When markets are volatile, managing volatility within tolerances will [r]equire the asset allocation of the Fund to be changed more frequently than normal. The cost of the transactions required to effect these changes will be met by the Fund and may affect returns.

In other words, the tight ranges listed in the table are marketing. And should the volatility targets corset the manager, your costs could increase because higher investment turnover will incur more trading fees.

One of the advantages of passive investing is that turnover is low relative to active management. A proper cost comparison includes fund trading costs as well as the OCF.

And for my next trick…

BlackRock has been here before with its Consensus funds. This too is a range of fund-of-funds, constructed from index trackers with an active management overlay.

MyMap reboots the Consensus concept with a slicker marketing campaign, a cheaper price tag, and a different coloured wig.

The most intriguing thing about MyMap is the allocation to alternatives, listed as precious metals and real estate in the KIID. The 2% allocation to alternatives cited in the table above would be near pointless, but the small print says the manager can invest up to 15% in alternatives.

I like the idea of extra diversification. However the uncertainty baked in to the arrangement makes me think it’d be simpler to just add a REIT tracker and/or a precious metals ETC to an existing portfolio rather than having to keep checking in on what the MyMap managers are up to.

All hat no rabbit

You may be sensing that I don’t see MyMap as a massive breakthrough for passive investors. True, but even if I was as excited as a koala discovering eucalyptus ice-cream, I’d counsel caution. That’s because BlackRock hasn’t yet published data on the fund holdings.

There’s nothing suspicious about that – the funds only launched on 28 May 2019. But it does mean we don’t yet know anything about the split between global vs domestic securities, say, or how the fixed income side will be diversified across government, corporate, index-linked, and junk bonds.

Once BlackRock shows its hand, we’ll be left with a conundrum. Because these funds do appear to be cheap.

The main argument against active management is it’s not worth the cost. But where does that leave us if MyMaps’ active management is cheaper than a pure passive alternative?

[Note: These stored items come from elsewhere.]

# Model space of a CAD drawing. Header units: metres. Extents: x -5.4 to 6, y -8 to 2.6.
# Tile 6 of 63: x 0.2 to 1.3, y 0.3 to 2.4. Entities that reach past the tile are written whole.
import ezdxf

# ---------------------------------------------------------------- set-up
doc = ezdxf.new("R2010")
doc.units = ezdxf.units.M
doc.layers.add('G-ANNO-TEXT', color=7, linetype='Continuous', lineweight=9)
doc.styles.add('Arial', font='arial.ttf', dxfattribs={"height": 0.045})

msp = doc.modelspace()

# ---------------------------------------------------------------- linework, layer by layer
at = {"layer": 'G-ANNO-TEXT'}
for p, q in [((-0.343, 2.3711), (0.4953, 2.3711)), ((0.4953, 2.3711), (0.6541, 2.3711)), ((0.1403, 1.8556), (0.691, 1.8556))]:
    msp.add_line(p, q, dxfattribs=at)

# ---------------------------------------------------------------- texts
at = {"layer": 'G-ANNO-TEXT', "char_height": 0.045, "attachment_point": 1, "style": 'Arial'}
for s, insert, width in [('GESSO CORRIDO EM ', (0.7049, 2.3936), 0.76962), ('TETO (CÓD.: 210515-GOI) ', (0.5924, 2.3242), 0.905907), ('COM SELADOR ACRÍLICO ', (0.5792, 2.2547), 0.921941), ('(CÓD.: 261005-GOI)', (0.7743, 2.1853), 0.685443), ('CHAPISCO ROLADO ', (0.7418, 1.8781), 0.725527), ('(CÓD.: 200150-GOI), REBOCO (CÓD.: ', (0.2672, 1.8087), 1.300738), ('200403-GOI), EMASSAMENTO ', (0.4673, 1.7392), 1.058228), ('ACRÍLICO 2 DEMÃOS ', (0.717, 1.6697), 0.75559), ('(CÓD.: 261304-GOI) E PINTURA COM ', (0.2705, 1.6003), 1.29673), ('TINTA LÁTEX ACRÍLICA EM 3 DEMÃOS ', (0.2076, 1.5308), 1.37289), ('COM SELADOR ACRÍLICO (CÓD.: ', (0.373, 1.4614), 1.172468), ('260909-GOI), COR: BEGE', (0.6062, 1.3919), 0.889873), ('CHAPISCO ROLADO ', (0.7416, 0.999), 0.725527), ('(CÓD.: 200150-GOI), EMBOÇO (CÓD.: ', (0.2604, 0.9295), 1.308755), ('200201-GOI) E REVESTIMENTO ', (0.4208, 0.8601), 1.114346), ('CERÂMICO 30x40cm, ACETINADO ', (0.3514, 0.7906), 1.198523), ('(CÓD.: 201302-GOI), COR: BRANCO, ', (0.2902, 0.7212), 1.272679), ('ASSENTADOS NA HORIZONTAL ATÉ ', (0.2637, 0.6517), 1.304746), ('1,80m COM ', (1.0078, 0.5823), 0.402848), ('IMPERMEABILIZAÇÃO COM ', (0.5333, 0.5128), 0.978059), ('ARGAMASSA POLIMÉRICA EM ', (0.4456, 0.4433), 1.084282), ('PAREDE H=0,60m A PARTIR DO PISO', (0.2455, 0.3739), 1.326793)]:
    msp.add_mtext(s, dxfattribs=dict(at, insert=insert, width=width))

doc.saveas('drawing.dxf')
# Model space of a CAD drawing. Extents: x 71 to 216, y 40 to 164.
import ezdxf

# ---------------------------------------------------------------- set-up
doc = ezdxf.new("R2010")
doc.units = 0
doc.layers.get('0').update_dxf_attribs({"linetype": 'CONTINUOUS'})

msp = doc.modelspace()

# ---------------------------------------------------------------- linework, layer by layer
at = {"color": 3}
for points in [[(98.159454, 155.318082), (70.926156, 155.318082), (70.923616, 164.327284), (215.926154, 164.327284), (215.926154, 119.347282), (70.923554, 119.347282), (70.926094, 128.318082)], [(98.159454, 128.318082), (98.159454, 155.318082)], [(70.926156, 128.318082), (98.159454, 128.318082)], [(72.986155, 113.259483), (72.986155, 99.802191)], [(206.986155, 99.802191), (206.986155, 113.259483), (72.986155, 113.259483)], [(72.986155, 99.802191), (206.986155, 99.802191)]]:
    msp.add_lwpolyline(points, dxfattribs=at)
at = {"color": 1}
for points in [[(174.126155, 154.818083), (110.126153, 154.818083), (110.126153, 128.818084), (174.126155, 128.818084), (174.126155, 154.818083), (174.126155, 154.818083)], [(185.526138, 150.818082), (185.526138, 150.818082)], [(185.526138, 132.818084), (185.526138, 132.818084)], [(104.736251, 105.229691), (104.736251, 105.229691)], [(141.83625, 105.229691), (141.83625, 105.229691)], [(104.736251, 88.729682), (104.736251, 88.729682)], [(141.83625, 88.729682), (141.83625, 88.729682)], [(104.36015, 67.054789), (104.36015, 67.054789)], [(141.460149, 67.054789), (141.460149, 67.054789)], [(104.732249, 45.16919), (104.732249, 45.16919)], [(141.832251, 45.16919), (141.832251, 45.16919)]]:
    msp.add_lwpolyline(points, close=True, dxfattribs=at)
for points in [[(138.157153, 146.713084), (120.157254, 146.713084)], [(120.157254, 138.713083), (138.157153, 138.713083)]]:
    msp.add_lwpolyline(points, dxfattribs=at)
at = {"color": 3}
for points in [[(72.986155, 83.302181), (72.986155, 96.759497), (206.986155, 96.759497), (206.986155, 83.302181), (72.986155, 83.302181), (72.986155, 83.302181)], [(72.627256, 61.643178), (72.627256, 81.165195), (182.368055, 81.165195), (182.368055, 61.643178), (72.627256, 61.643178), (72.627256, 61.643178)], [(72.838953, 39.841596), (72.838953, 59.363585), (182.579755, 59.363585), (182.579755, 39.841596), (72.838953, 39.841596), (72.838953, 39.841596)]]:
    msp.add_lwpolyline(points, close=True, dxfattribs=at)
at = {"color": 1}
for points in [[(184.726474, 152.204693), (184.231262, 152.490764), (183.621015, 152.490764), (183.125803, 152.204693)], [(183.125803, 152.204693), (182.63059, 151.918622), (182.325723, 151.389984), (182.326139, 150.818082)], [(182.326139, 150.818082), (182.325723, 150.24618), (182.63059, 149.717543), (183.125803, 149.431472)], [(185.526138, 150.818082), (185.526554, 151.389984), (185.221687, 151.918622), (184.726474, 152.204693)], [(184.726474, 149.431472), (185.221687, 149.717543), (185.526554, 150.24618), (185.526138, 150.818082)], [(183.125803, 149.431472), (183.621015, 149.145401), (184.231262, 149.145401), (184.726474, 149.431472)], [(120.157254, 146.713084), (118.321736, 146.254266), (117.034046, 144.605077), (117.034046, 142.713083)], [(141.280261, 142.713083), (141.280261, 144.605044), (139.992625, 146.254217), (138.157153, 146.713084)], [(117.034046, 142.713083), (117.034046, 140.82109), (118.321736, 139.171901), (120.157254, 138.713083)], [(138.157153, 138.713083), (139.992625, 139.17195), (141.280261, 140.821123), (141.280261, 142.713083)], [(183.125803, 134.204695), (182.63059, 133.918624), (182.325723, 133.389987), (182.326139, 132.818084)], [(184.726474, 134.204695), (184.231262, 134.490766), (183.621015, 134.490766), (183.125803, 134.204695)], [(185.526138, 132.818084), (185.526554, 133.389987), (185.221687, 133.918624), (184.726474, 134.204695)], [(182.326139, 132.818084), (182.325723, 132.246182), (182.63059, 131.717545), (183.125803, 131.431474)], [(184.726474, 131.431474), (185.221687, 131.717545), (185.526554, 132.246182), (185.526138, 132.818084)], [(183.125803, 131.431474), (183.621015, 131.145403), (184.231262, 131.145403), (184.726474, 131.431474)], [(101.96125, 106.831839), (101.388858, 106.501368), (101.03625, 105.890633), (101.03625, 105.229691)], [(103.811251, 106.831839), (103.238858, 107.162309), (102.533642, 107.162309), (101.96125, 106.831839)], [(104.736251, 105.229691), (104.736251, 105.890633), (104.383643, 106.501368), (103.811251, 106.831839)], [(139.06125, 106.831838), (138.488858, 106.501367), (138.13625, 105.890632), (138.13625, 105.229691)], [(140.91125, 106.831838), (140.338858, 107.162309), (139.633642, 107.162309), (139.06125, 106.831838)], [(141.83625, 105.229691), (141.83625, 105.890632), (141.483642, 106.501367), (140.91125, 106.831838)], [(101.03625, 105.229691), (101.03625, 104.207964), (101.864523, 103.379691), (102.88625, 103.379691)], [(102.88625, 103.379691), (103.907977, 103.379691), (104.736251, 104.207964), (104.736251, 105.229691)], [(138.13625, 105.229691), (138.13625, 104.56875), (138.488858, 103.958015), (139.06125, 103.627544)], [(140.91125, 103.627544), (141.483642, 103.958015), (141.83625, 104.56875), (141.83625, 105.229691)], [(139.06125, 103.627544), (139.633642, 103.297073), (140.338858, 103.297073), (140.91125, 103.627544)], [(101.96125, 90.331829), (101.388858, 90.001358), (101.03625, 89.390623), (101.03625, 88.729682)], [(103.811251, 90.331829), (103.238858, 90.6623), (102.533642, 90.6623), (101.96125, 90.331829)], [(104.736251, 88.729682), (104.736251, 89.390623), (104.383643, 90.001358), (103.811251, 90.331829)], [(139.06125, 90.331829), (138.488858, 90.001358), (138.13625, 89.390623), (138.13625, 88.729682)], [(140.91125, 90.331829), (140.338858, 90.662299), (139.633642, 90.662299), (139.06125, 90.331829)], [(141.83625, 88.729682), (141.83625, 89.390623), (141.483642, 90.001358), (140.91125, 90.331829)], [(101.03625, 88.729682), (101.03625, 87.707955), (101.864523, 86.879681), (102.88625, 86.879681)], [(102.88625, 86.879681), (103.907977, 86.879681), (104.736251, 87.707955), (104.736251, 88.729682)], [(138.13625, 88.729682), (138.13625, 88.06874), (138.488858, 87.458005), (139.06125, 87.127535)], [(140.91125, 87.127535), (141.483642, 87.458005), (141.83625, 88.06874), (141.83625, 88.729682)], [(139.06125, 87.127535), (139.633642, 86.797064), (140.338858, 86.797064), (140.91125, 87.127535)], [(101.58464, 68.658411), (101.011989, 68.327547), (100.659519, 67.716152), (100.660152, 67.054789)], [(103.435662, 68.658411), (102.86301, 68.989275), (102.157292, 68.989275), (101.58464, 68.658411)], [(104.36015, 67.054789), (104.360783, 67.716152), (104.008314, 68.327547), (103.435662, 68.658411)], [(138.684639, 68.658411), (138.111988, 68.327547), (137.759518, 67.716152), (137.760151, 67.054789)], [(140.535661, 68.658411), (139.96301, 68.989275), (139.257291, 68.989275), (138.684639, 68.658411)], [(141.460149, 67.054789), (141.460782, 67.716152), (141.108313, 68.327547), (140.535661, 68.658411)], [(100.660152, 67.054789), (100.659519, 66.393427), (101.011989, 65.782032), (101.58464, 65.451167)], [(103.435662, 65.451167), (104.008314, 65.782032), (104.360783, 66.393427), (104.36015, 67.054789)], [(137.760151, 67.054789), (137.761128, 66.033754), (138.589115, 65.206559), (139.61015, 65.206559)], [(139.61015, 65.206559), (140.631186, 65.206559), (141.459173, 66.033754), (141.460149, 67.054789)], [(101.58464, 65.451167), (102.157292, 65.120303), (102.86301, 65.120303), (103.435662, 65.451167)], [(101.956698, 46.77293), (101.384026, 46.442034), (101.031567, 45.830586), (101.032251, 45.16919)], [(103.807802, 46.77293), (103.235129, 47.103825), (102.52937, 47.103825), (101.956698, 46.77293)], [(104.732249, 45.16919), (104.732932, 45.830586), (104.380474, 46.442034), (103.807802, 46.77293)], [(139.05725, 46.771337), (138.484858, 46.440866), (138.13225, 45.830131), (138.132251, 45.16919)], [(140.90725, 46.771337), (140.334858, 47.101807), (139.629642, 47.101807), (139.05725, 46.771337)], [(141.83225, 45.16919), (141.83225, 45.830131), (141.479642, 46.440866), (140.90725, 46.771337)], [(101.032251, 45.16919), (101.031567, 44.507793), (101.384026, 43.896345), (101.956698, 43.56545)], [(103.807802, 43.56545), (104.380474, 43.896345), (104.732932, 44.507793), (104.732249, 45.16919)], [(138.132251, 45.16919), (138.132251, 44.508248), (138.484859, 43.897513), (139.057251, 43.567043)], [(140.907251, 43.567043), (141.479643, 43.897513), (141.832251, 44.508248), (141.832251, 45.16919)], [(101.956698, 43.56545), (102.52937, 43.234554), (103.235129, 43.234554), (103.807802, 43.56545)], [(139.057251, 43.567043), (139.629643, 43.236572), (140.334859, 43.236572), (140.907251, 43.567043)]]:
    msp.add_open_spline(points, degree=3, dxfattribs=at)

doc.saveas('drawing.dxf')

MyMap is marginally cheaper than Vanguard LifeStrategy at the OCF level. Only time will tell whether it can maintain that advantage once transaction costs are tallied and the total cost of ownership is known.

Yet even with that said, control remains a key factor. Is a slim saving worth it when active management decisions could be leading you towards an inappropriate asset allocation?

Personally I think that’s a poor trade-off.

A fund-of-funds is meant to make life simpler and more convenient. For my money, MyMaps introduces unnecessary complexity.